NOTE: Make sure to load the packages in the order listed below. If you load Zelig after dplyr, then you might have to restart RStudio for your scripts to work properly.

library(texreg)
library(Zelig)
library(dplyr)

Clear the environment and set the working directory.

# clear environment
rm(list = ls())

# set working directory
# setwd(...)

Merging Datasets

Up until this point, we've been using datasets where all the variables of interest were available to us in a single file. Often times however, the variables we're interested in are not available from a single source and must be merged together to create a single dataset.

The dataset we're working with today is the California Test Score Data we've already seen in lectures and assigned text. The dataset is split into the following files:

Download the first two datasets from the links below:

Download 'CASchoolAdmin' Dataset Download 'CAStudents' Dataset

Let's load the CASchoolAdmin.csv and CAStudents.csv datasets into R using read.csv() and find out if there are any variables that are common to both.

# load the California test score datasets
CA_admin <- read.csv("CASchoolAdmin.csv")
CA_students <- read.csv("CAStudents.csv")

Now let's see what the dataset looks like. We normally use the names() function to see what the variables are called, but we would also like to know what type of data is stored in each variable. We can use the str() function that gives us a bit more information about a dataset than the names() function.

names(CA_admin)

 [1] "district"    "school"      "county"      "grades"      "students"   
 [6] "teachers"    "computer"    "expenditure" "income"      "english"    

str(CA_admin)

'data.frame':   420 obs. of  10 variables:
 $ district   : int  75119 61499 61549 61457 61523 62042 68536 63834 62331 67306 ...
 $ school     : Factor w/ 409 levels "Ackerman Elementary",..: 362 214 367 134 270 53 152 383 263 93 ...
 $ county     : Factor w/ 45 levels "Alameda","Butte",..: 1 2 2 2 2 6 29 11 6 25 ...
 $ grades     : Factor w/ 2 levels "KK-06","KK-08": 2 2 2 2 2 2 2 2 2 1 ...
 $ students   : int  195 240 1550 243 1335 137 195 888 379 2247 ...
 $ teachers   : num  10.9 11.1 82.9 14 71.5 ...
 $ computer   : int  67 101 169 85 171 25 28 66 35 0 ...
 $ expenditure: num  6385 5099 5502 7102 5236 ...
 $ income     : num  22.69 9.82 8.98 8.98 9.08 ...
 $ english    : num  0 4.58 30 0 13.86 ...

Notice how read.csv() automatically converted both county and school to factor variables when loading the dataset.

Now, let's do the same for the students dataset.

names(CA_students)

[1] "county" "school" "read"   "math"  

str(CA_students)

'data.frame':   420 obs. of  4 variables:
 $ county: Factor w/ 45 levels "Alameda","Butte",..: 1 2 2 2 2 6 29 11 6 25 ...
 $ school: Factor w/ 409 levels "Ackerman Elementary",..: 362 214 367 134 270 53 152 383 263 93 ...
 $ read  : num  692 660 636 652 642 ...
 $ math  : num  690 662 651 644 640 ...

It seems that county and school are common to both datasets so we can use them to do the merge.
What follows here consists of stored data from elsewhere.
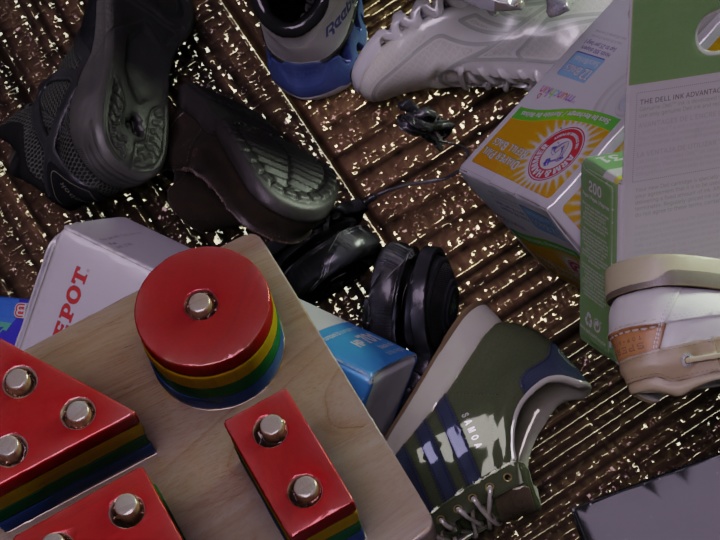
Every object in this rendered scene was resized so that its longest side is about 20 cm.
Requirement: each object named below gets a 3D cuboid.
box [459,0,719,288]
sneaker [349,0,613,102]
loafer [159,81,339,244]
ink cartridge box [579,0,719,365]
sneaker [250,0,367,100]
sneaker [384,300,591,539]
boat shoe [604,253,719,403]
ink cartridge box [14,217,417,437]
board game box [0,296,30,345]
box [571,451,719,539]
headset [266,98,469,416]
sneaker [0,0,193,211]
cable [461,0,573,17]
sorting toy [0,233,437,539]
[{"bbox_3d":[0.171,-0.084,1.048,0.200,0.112,0.101,-47,117,-4],"label":"box"},{"bbox_3d":[0.091,-0.136,1.120,0.200,0.075,0.081,-21,81,4],"label":"sneaker"},{"bbox_3d":[-0.070,-0.049,1.085,0.073,0.200,0.071,23,100,-22],"label":"loafer"},{"bbox_3d":[0.186,-0.060,0.967,0.145,0.048,0.200,-10,113,-20],"label":"ink cartridge box"},{"bbox_3d":[-0.033,-0.215,1.137,0.080,0.115,0.200,-3,74,8],"label":"sneaker"},{"bbox_3d":[0.056,0.118,1.050,0.090,0.067,0.200,26,75,19],"label":"sneaker"},{"bbox_3d":[0.214,0.039,0.941,0.200,0.075,0.068,5,73,-17],"label":"boat shoe"},{"bbox_3d":[-0.090,0.075,1.058,0.200,0.086,0.147,26,105,17],"label":"ink cartridge box"},{"bbox_3d":[-0.294,0.086,1.137,0.200,0.045,0.152,4,76,12],"label":"board game box"},{"bbox_3d":[0.224,0.147,0.970,0.200,0.149,0.124,-21,78,3],"label":"box"},{"bbox_3d":[0.000,0.000,1.083,0.123,0.094,0.200,29,93,16],"label":"headset"},{"bbox_3d":[-0.164,-0.119,1.152,0.114,0.076,0.200,-25,47,35],"label":"sneaker"},{"bbox_3d":[0.051,-0.234,1.073,0.200,0.069,0.200,19,39,8],"label":"cable"},{"bbox_3d":[-0.098,0.089,0.926,0.200,0.070,0.199,-28,61,-8],"label":"sorting toy"}]

Now let's use the merge() function to merge these two datasets together. There are three arguments that we need to provide to the merge() function so it knows what we are trying to merge and how.

merge(x, y, by)

For more information on how the merge() function works, type help(merge) in R.

# merge the two datasets
CA_schools <- merge(CA_admin, CA_students, by = c("county", "school"))

# explore dataset
names(CA_schools)

 [1] "county"      "school"      "district"    "grades"      "students"   
 [6] "teachers"    "computer"    "expenditure" "income"      "english"    
[11] "read"        "math"       

head(CA_schools)

Dplyr mutate()

The mutate() function is used for adding new variables, or modifying existing ones in a dataframe. We saw an example of creating a new variable using the apply() function a couple of weeks ago, but now let's do something very similar with the mutate() function instead.

Our dataset includes the number of enrolled students and number of teachers for each district so we can easily use them to calculate a student-teacher ratio. We will call this new variable STR and calculate it by simply dividing the students variable by the teachers variable. We also would like to create a combined score from the average math and read scores for each school district. Again, calculating that is rather trivial as we just need to add the math and read scores and divide the result by 2.

We can create the student-teacher ratio (STR) and the score in one shot using the mutate() function.

CA_schools <- mutate(CA_schools, 
                     STR = students / teachers,
                     score = (math + read) / 2)

Now that we've created the STR and score variables, let's visualize the data using a scatter plot.

Is there a correlation between Student-Teacher ratio and test scores?

plot(score ~ STR, data = CA_schools,
     xlab = "Student-Teacher Ratio",
     ylab = "Test Score")

In order to answer that question empirically, we will run linear regression using the lm() function in R. The lm() function needs to know the relationship we're trying to model and the dataset for our observations. The two arguments we need to provide to the lm() function are described below.

For more information on how the lm() function works, type help(lm) or ?lm at the console in RStudio.

STR_model <- lm(score ~ STR, data = CA_schools)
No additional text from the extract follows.